Oil fears shift from war to tight supply Globe and Mail, Monday, September 23 By PATRICK BRETHOUR
Calgary — War worries have pushed crude oil to the $30 (U.S.) mark in recent weeks, but there is a growing conviction that tightening inventories — pinched by the U.S. effort to bulk up its strategic stockpile — could send prices much higher by the end of the year.
Each day, the United States siphons 186,000 barrels of crude oil into its Strategic Petroleum Reserve (SPR), designed as a cushion against any sudden disruption in imports, particularly from the Middle East. Since 2001, the U.S. government has added 40 million barrels to the SPR, part of a push to increase the stockpile to 700 million barrels from 540 million.
The steady buildup of the SPR, which could continue for almost two more years, has begun to muscle aside the so-called war premium as the fundamental driver in sustaining oil prices. "It's not as much a war premium as an SPR premium," said Kyle Cooper, an energy analyst at Salomon Smith Barney Inc. in Houston.
For months, the oil futures markets have been set in the view that oil prices will snap back toward $25 a barrel, or even lower, if the United States decides against attacking Iraq. After three key events last week, futures analysts are beginning to question that logic, as the case builds that the United States could face a squeeze in supply later this year that would likely boost crude prices toward $35 a barrel — and act as an even bigger damper on U.S. economic growth.
Crude oil inventories are already at their lowest level in the United States since March, 2001, with a 6.4-million-barrel decline last week, according to the American Petroleum Institute.
The second major factor in the reassessment is the generally bullish reaction of the oil market to Saddam Hussein's offer to unconditionally admit United Nations inspectors back into Iraq, a proposal that has since been linked to the lifting of the 12-year-old sanctions regime imposed after the 1990 invasion of Kuwait.
There were expectations that oil prices would plummet by $4 a barrel the next day. Oil fell by just 59 cents — and by the end of the week was down just 6 cents — leading some analysts to abandon the idea that a war premium is buoying the market. "I don't think we have one," Tim Evans, senior energy analyst at IFR Pegasus in New York, said bluntly.
The third piece of evidence is last week's decision by the Organization of Petroleum Exporting Countries not to raise formal output quotas. Analysts had been expecting some sort of increase to counter the production cut of two million barrels a day that OPEC put in place in January, especially as North America heads into the winter heating season.
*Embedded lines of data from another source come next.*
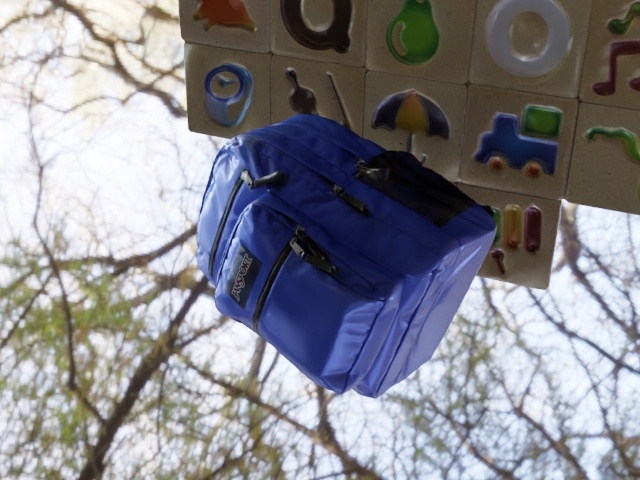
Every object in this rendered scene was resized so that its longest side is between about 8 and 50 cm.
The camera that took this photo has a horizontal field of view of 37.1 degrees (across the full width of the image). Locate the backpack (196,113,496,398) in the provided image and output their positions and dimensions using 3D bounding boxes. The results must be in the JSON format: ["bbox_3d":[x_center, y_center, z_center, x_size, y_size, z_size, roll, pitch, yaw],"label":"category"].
[{"bbox_3d":[0.000,0.000,0.427,0.120,0.098,0.101,37,-149,22],"label":"backpack"}]

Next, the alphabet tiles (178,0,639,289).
[{"bbox_3d":[0.053,-0.139,0.482,0.285,0.342,0.011,12,-149,19],"label":"alphabet tiles"}]
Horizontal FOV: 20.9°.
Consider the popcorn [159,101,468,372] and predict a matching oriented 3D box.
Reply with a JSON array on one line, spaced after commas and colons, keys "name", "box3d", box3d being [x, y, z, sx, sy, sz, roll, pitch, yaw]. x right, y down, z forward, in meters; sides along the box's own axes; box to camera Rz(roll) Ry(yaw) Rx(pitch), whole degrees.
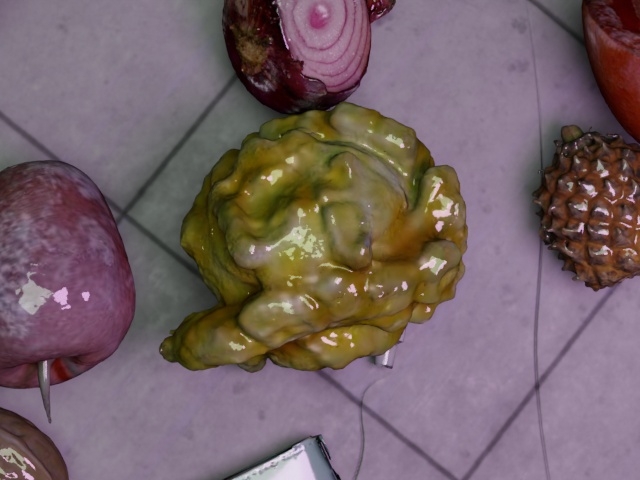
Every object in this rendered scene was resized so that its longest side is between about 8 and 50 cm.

The consortium's members, excluding Iraq, have indulged in cheating since then that largely counteracts the production cut. But OPEC's current output, even with cheating, falls short of the amount that the International Energy Agency estimates is needed to keep global inventories in balance. And that assumes no disruption whatsoever in production from Iraq or any other OPEC member.
In August, the consortium produced 24.94 million b/d, including the 1.56 million barrels from Iraq under UN supervision. But in the fourth quarter, the IEA said, OPEC will need to produce 26.2 million b/d to balance supply with demand — leaving a 1.3 million b/d gap, according to IFR's Mr. Evans.
"Either they need to cheat more, Iraq needs to produce more or it's coming out of inventory," he said.
Some analysts, however, believe that the U.S. market has sufficient supply, pointing to predictions of less-than-spectacular economic growth next year. The Canadian Energy Research Institute said there is about a $6-per-barrel war premium, and is predicting that crude will average $24.75 next year.
For the moment, the cyclical maintenance in the U.S. refinery industry, which reduces the draw on crude inventories, is keeping a lid on prices, Mr. Evans said. Inventories of distillates are relatively high as well, aided by tepid demand for jet fuel.
But those dampers may prove fleeting, while the United States continues to draw off hundreds of thousands a barrels a day, no matter what the market conditions are. "It certainly appears that they want to pump it up, regardless," Mr. Cooper said.